Conn. Fair Hous. Ctr. v. Corelogic Rental Prop. Solutions, LLC

Decision Date07 August 2020
Docket NumberNo. 3:18-CV-705 (VLB),3:18-CV-705 (VLB)
Citation478 F.Supp.3d 259
Parties CONNECTICUT FAIR HOUSING CENTER et al., Plaintiffs, v. CORELOGIC RENTAL PROPERTY SOLUTIONS, LLC, Defendant.
CourtU.S. District Court — District of Connecticut

Greg J. Kirschner, Salmun Kazerounian, Sarah White, Connecticut Fair Housing Center, Hartford, CT, Christine E. Webber, Pro Hac Vice, Joseph M. Sellers, Pro Hac Vice, Cohen, Milstein, Sellers & Toll, PLLC, Washington, DC, Eric Gregory Dunn, National Housing Law Project, Richmond, VA, for Plaintiff Connecticut Fair Housing Ctr.

Greg J. Kirschner, Salmun Kazerounian, Sarah White, Connecticut Fair Housing Center, Hartford, CT, Christine E. Webber, Joseph M. Sellers, Cohen, Milstein, Sellers & Toll, PLLC, Washington, DC, Eric Gregory Dunn, National Housing Law Project, Richmond, VA, for Plaintiff Carmen Arroyo.

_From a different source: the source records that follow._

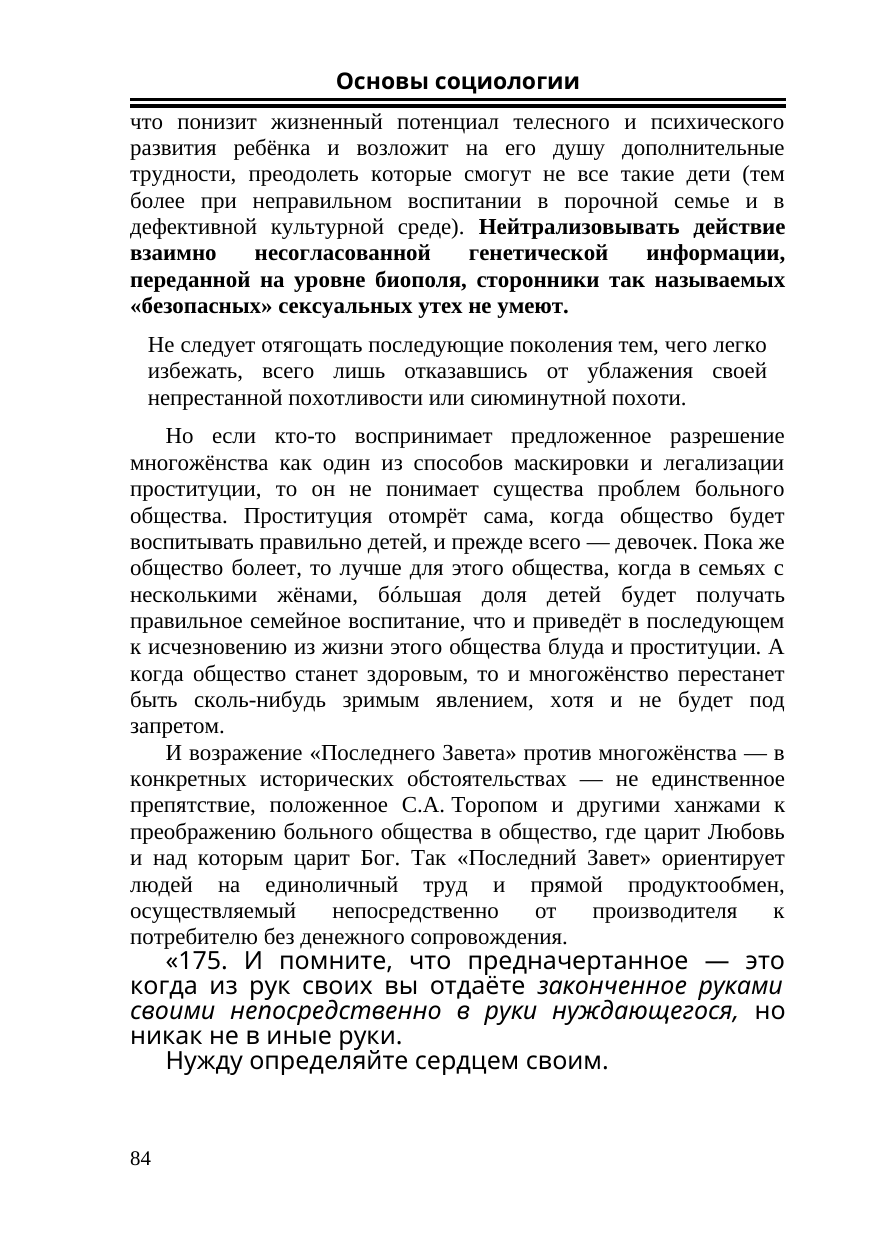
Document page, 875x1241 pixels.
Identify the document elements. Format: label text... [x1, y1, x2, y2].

text что понизит жизненный потенциал телесного и психического развития ребёнка и возложит на его душу дополнительные трудности, преодолеть которые смогут не все такие дети (тем более при неправильном воспитании в порочной семье и в дефективной культурной среде). Нейтрализовывать действие взаимно несогласованной генетической информации, переданной на уровне биополя, сторонники так называемых «безопасных» сексуальных утех не умеют. [130, 108, 786, 318]
text И возражение «Последнего Завета» против многожёнства — в конкретных исторических обстоятельствах — не единственное препятствие, положенное С.А. Торопом и другими ханжами к преображению больного общества в общество, где царит Любовь и над которым царит Бог. Так «Последний Завет» ориентирует людей на единоличный труд и прямой продуктообмен, осуществляемый непосредственно от производителя к потребителю без денежного сопровождения. [130, 739, 786, 950]
text Но если кто-то воспринимает предложенное разрешение многожёнства как один из способов маскировки и легализации проституции, то он не понимает существа проблем больного общества. Проституция отомрёт сама, когда общество будет воспитывать правильно детей, и прежде всего — девочек. Пока же общество болеет, то лучше для этого общества, когда в семьях с несколькими жёнами, бóльшая доля детей будет получать правильное семейное воспитание, что и приведёт в последующем к исчезновению из жизни этого общества блуда и проституции. А когда общество станет здоровым, то и многожёнство перестанет быть сколь-нибудь зримым явлением, хотя и не будет под запретом. [130, 423, 786, 739]
text Не следует отягощать последующие поколения тем, чего легко избежать, всего лишь отказавшись от ублажения своей непрестанной похотливости или сиюминутной похоти. [148, 331, 768, 410]
text Нужду определяйте сердцем своим. [130, 1050, 786, 1075]
text «175. И помните, что предначертанное — это когда из рук своих вы отдаёте законченное руками своими непосредственно в руки нуждающегося, но никак не в иные руки. [130, 950, 786, 1050]
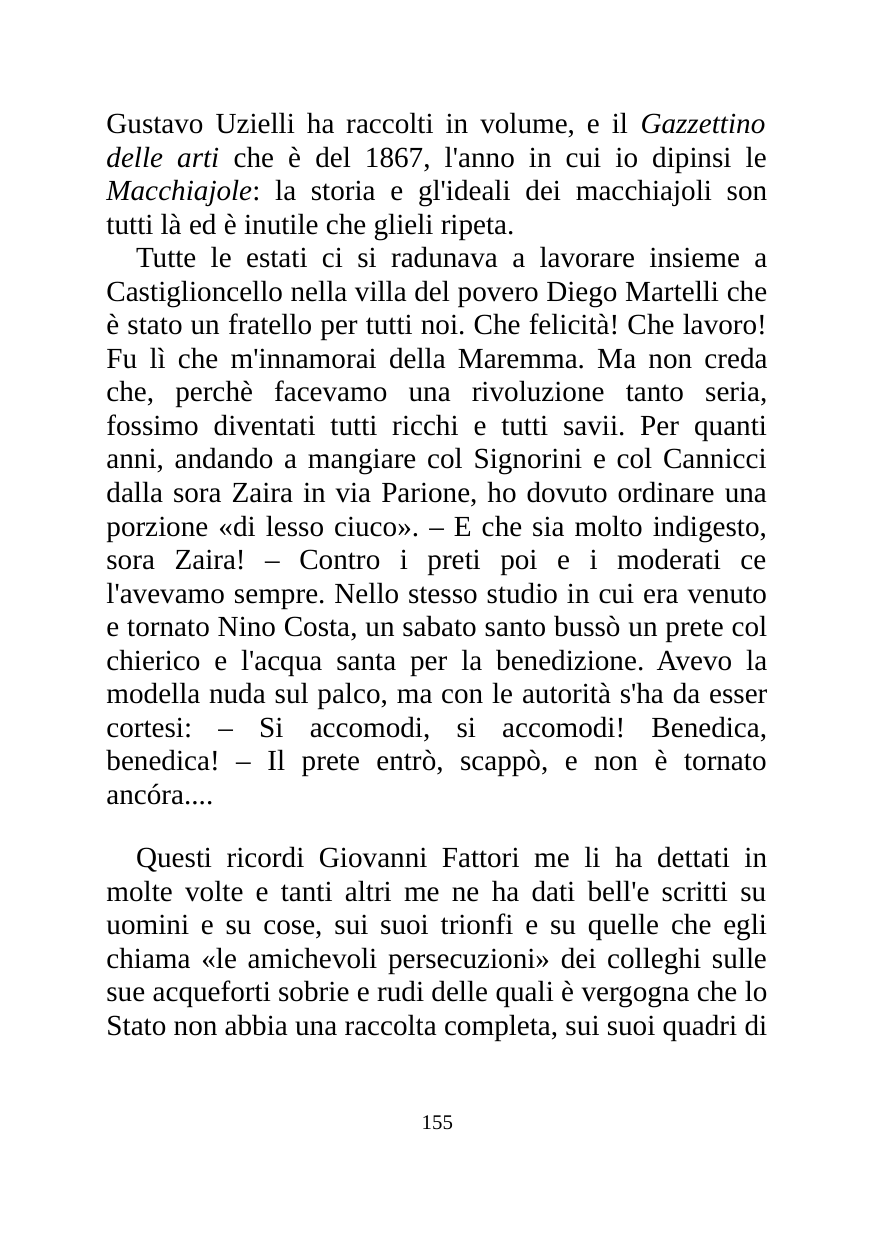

Alan Durrum Wingfield, Pro Hac Vice, Troutman Pepper Hamilton Sanders LLP, David N. Anthony, Pro Hac Vice, Patrick F. Dillard, Pro Hac Vice, Timothy St. George, Pro Hac Vice, Troutman Sanders, Richmond, VA, Victoria Woodin Chavey, Jackson Lewis - P.C. Htfd, CT, Hartford, CT, Cindy D. Hanson, Pro Hac Vice, Troutman Sanders, Atlanta, GA, Daniel Cohen, Troutman Pepper Hamilton Sanders LLP, West Simsbury, CT, for Defendant.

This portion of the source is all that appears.